2. The harvester air supply system according to claim 1, wherein two air guides are arranged in the air outlet (33f) at intervals in the vertical direction to form three air outlet branches; the two air guide pieces are respectively arranged on the rack (1) in a turnover mode and are suitable for being respectively turned over to change the air outlet direction and the air outlet area of the three air outlet branches.

3. Harvester air supply system according to claim 1, characterized in that the choke (3j) comprises:

a threshing close plate (31j) horizontally fixed at the tail part of the threshing system, and a tail hood close plate (32j) arranged between the threshing close plate (31j) and the tail end of the tail hood (2 j); the lower surfaces of the threshing close plate (31j) and the tail cover close plate (32j) form an air guide surface.

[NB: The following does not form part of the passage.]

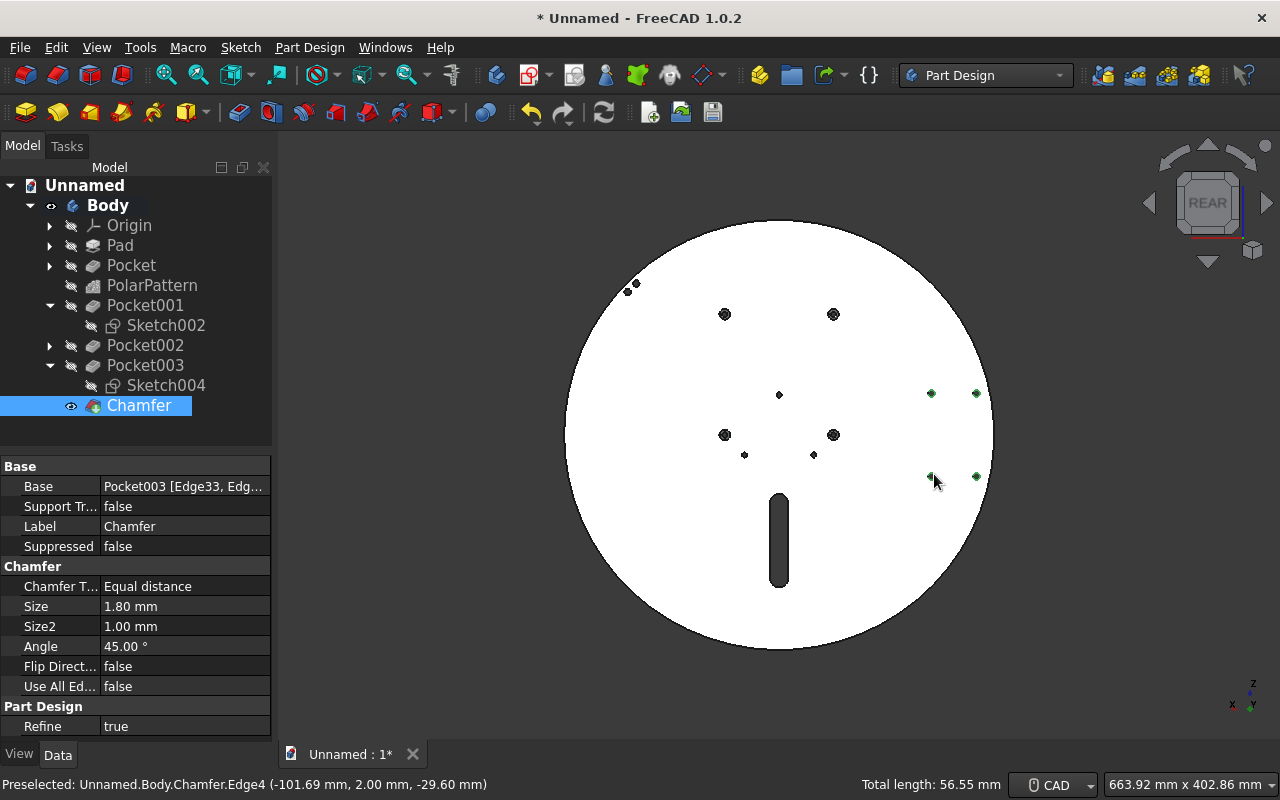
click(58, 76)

4. The harvester air supply system of any one of claims 1-3, wherein the fan further comprises:

the fan structure is coaxially arranged in the mounting cavity;

5. The harvester air supply system according to claim 4, wherein two wind shielding members are arranged on any one of the first air inlets (31 f); the wind shielding part is arranged at one side of the first air inlet (31f) at the air outlet (33f), is suitable for transversely sliding and partially shields the upper half part of the first air inlet (31 f);

the other wind shielding piece is arranged on one side, away from the air outlet (33f), of the first air inlet (31f) and is suitable for vertically sliding and partially shielding the lower half part of the first air inlet (31 f).

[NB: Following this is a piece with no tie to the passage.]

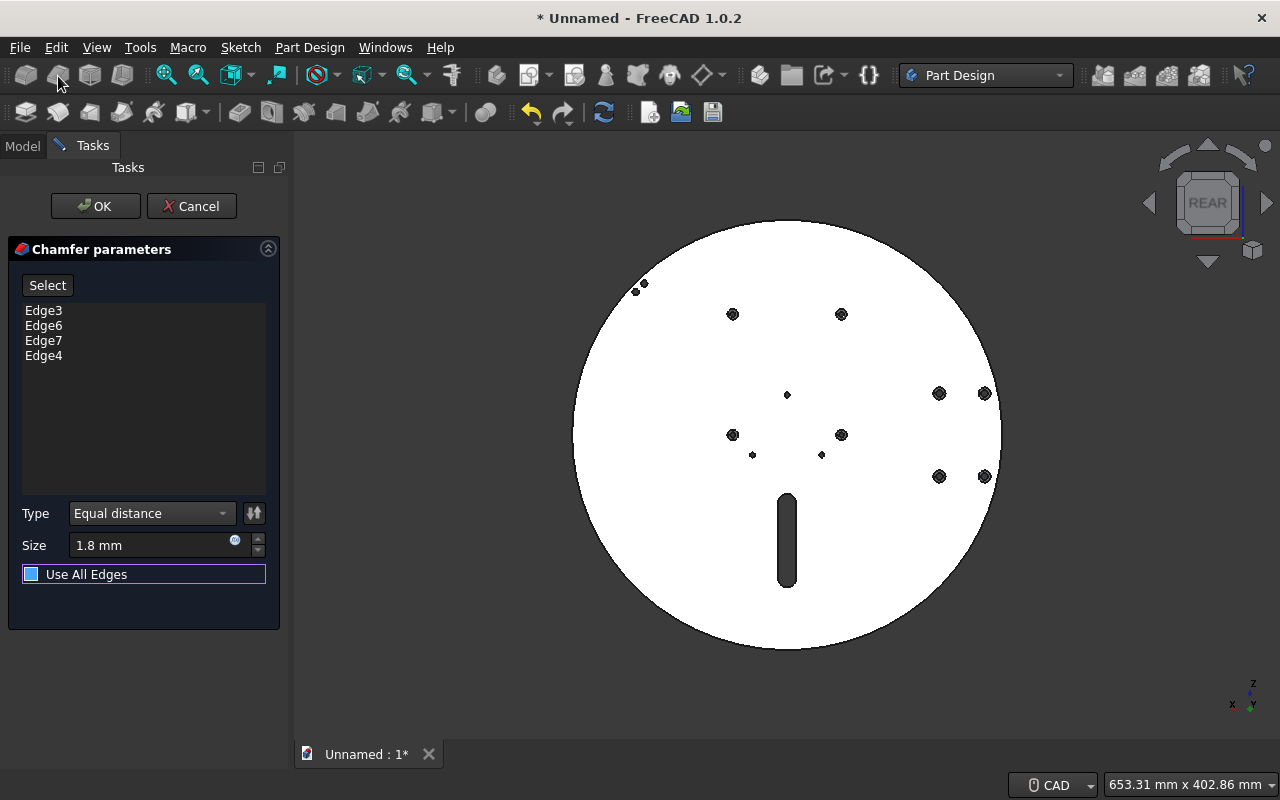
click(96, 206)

6. The harvester air supply system of claim 5, wherein the wind shield is provided with a strip-shaped hole; the wind shielding piece is bolted and fixed on the fan shell (3f) through the strip-shaped holes.

7. The harvester air supply system of claim 4, wherein the fan structure comprises:

the fan shaft (1i) is coaxially arranged in the mounting cavity, and two ends of the fan shaft are respectively fixed on two bearings positioned on the rack (1);

a plurality of supporting units which are fixed on the fan shaft (1i) at uniform intervals;

a plurality of fan blades (2i) fixed to the support unit;

any of the support units includes:

the fan blade (2i) brackets are sequentially connected and fixed on the fan shaft (1i) along the circumferential direction of the fan shaft (1i) and locked on the fan shaft (1 i); the fan blades (2i) are respectively bolted and fixed on the fan blade (2i) bracket; all the fan blade (2i) supports enclose a regular polygon, and the regular polygon is circumscribed to a circle of the cross section of the fan shaft (1 i).

8. The harvester air supply system according to claim 7, wherein the fan blade (2i) bracket is bent to form a fixing section (32i) and a mounting section (31 i); the end of the mounting section (31i) is suitable for mounting the fan blade (2 i); an included angle alpha formed between the fixing section (32i) and the mounting section (31i) is complementary with an internal angle beta of a regular polygon formed by the fan blade (2i) bracket.

9. The air supply system of the harvester according to claim 8, wherein a flat slot (11i) is formed in the fan shaft (1i) corresponding to any one of the support units; one fan blade (2i) bracket is fixed in the flat groove (11 i).

10. The harvester air supply system of claim 9, further comprising a reinforcing plate (4i) welded and fixed in the flat slot (11 i); the fan blade (2i) bracket is fixed on the upper surface of the reinforcing plate (4 i); the thickness of the reinforcing plate (4i) is the same as the groove depth of the flat groove (11 i); the width of the reinforcing plate (4i) in the radial direction of the fan shaft (1i) is not greater than the diameter of the fan shaft (1 i).